(Source records)
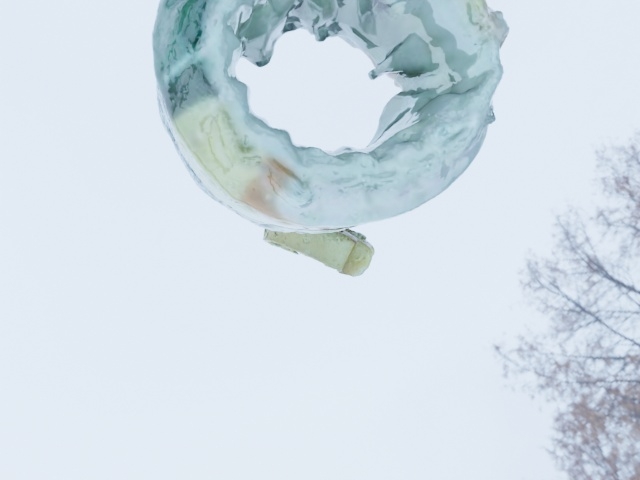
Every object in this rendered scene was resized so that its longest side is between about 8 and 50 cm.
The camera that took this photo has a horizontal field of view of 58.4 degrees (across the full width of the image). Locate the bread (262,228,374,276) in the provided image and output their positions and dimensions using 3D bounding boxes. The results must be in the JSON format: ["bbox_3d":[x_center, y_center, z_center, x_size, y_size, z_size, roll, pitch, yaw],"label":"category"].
[{"bbox_3d":[0.000,0.000,0.785,0.064,0.156,0.117,-70,-17,0],"label":"bread"}]

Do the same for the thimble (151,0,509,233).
[{"bbox_3d":[0.008,-0.136,0.485,0.287,0.167,0.255,-14,-89,-17],"label":"thimble"}]
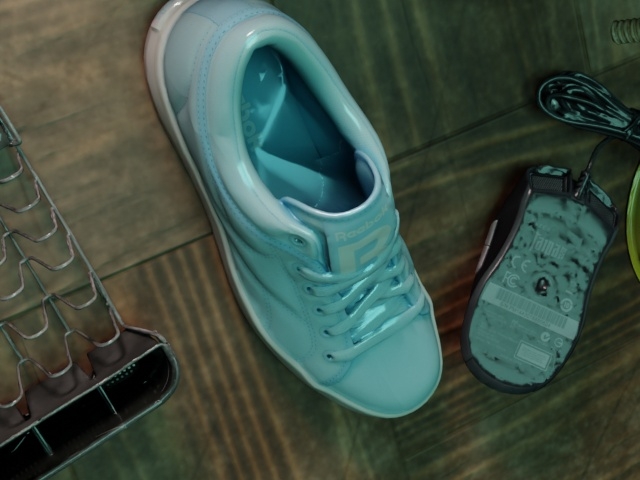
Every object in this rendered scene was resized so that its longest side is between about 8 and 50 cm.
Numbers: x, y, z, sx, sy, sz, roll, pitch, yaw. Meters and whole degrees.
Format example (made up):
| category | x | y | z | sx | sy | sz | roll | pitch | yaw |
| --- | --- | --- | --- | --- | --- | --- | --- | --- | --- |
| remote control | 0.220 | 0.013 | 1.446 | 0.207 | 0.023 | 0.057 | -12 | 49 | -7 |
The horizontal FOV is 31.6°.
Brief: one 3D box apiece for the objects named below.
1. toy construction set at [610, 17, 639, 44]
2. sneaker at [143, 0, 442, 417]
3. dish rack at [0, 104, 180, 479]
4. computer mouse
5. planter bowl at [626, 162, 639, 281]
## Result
| category | x | y | z | sx | sy | sz | roll | pitch | yaw |
| --- | --- | --- | --- | --- | --- | --- | --- | --- | --- |
| toy construction set | 0.335 | -0.254 | 0.763 | 0.309 | 0.237 | 0.257 | -51 | 128 | -37 |
| sneaker | 0.000 | 0.000 | 0.783 | 0.135 | 0.150 | 0.366 | -37 | 116 | -10 |
| dish rack | -0.241 | 0.035 | 0.726 | 0.208 | 0.074 | 0.271 | -33 | 115 | -14 |
| computer mouse | 0.220 | 0.009 | 0.927 | 0.184 | 0.060 | 0.262 | 19 | 87 | -10 |
| planter bowl | 0.382 | -0.023 | 0.985 | 0.217 | 0.090 | 0.217 | -6 | 106 | -23 |
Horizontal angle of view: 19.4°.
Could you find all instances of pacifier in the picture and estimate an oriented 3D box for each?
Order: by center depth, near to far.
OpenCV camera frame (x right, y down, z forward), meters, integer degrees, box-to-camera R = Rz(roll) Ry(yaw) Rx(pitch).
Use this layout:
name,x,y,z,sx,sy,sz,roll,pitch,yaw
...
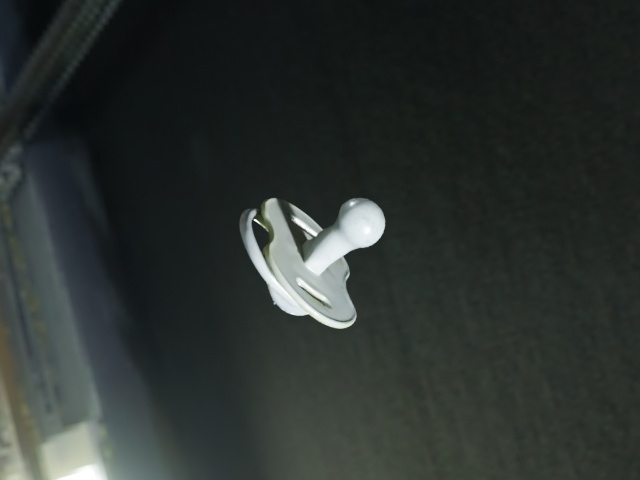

### WHAT IS EXPECTED
All that belongs in the answer is the run of lines above from the line containing "4. computer mouse" through the line containing "5. planter bowl at [626, 162, 639, 281]", exactly as written.

### REPLY
4. computer mouse
5. planter bowl at [626, 162, 639, 281]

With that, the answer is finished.